Apesar de não ter alcançado esse objetivo, a empreendedora pôde validar sua proposta com o setor privado.
“Na residência, vi que existia essa dor não só em empresas de P&D, mas várias empresas tentam buscar respostas na ciência para desenvolver ou aprimorar suas soluções e se deparam com problemas para encontrar informações. Ou porque não acham os papers ou porque quando acham, demoram muito para ler e buscar os dados que precisam”
Antes desse processo, ela já estava desenvolvendo um MVP para transformar a consultoria em uma plataforma onde os próprios pesquisadores pudessem realizar o processo de Knowledge Translation. Mas resolveu pausar temporariamente este plano para desenvolver uma plataforma com foco nas perguntas, desafios e problemas das empresas, ou seja, de quem está demandando as evidências.
No MVP, que deve começar a rodar no final de abril, Paola está usando IA para aproximar as pesquisas do mundo real.

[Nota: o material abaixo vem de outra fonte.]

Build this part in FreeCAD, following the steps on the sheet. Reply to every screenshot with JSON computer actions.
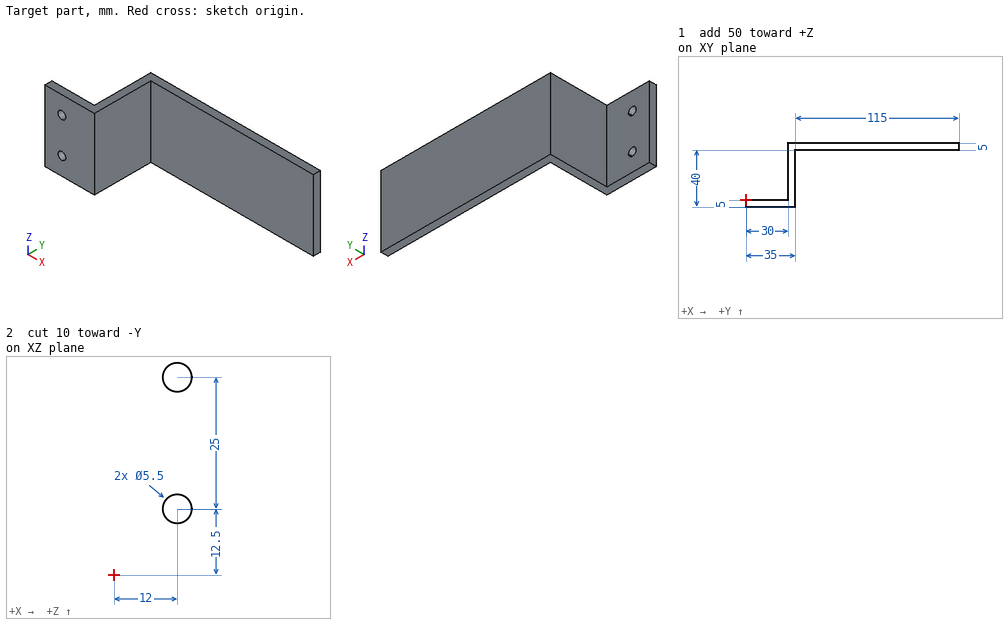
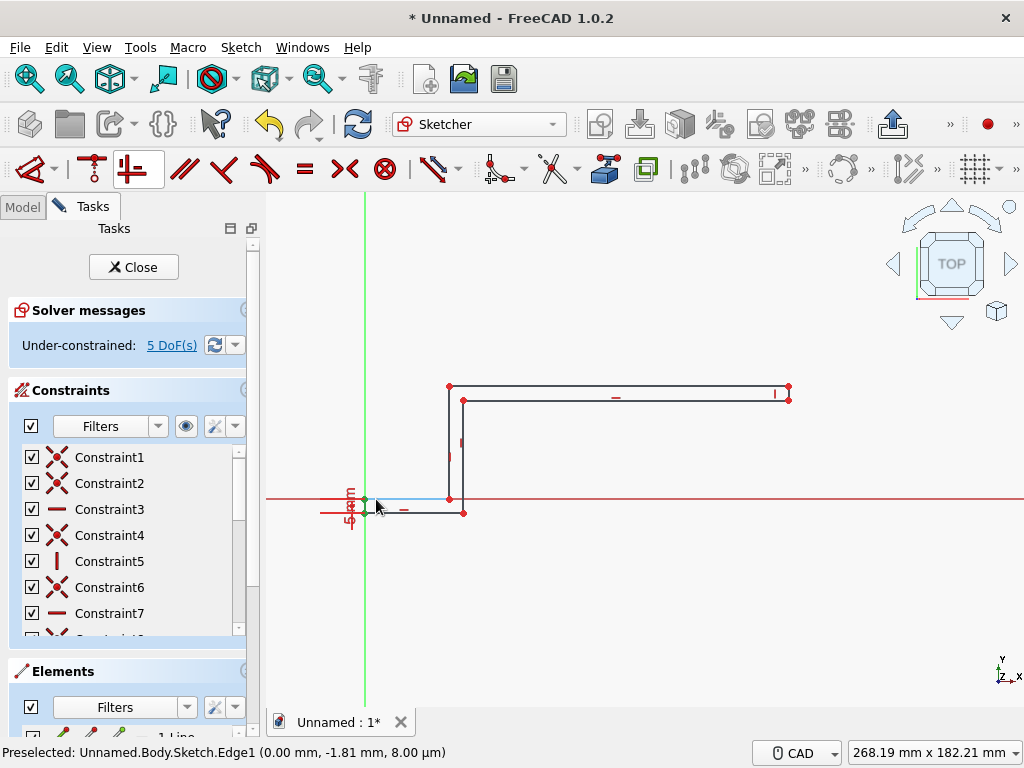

“Várias empresas pequenas e startups não têm uma estrutura de P&D internamente e a gente funcionaria como um P&D as a Service para elas. E para empresas maiores, como copilot, para ajudar a agilizar esse processo de achar os papers com as melhores respostas e fazer essa tradução e extração das informações”
Na prática, a empresa terá um espaço na plataforma para inserir o desafio ou pergunta que quer responder por meio da ciência e a EasyTelling, a partir de vários filtros de IA, encontrará os melhores papers que respondam a essa questão em meio a uma base de 200 milhões de artigos científicos.
Esse processo será gratuito. A startup pretende cobrar pela extração das informações que realmente importam ou possíveis aplicações que respondam à dor do cliente. “A gente já tem várias interessadas em testar essa plataforma quando estiver pronta, como Procter & Gamble, Pfizer, algumas farmas e startups”, diz.
As empresas que já quiserem testar essa solução podem acessar o pré-MVP da plataforma (um questionário onde conseguem inserir suas perguntas de forma manual).
O desafio, agora, de acordo com Paola, é treinar a IA com prompts do seu método de tradução de conhecimento e refinar o modelo de linguagem para que fique mais específico na hora de ler os papers e fazer a extração de aplicações.
“A IA vai permitir que a gente ganhe escala. E quanto mais empresas envolvidas, mais pesquisadores teremos na nossa base e mais a gente vai chegar ao objetivo final, que é conseguir financiar boas pesquisas”
Remunerar quem produz essas pesquisas também é algo que está no radar, diz a empreendedora:
“No futuro, nossa ideia é monetizar os pesquisadores pelo conhecimento deles utilizado por empresas ou governos, mudando um pouquinho a forma de financiar pesquisas no mundo.”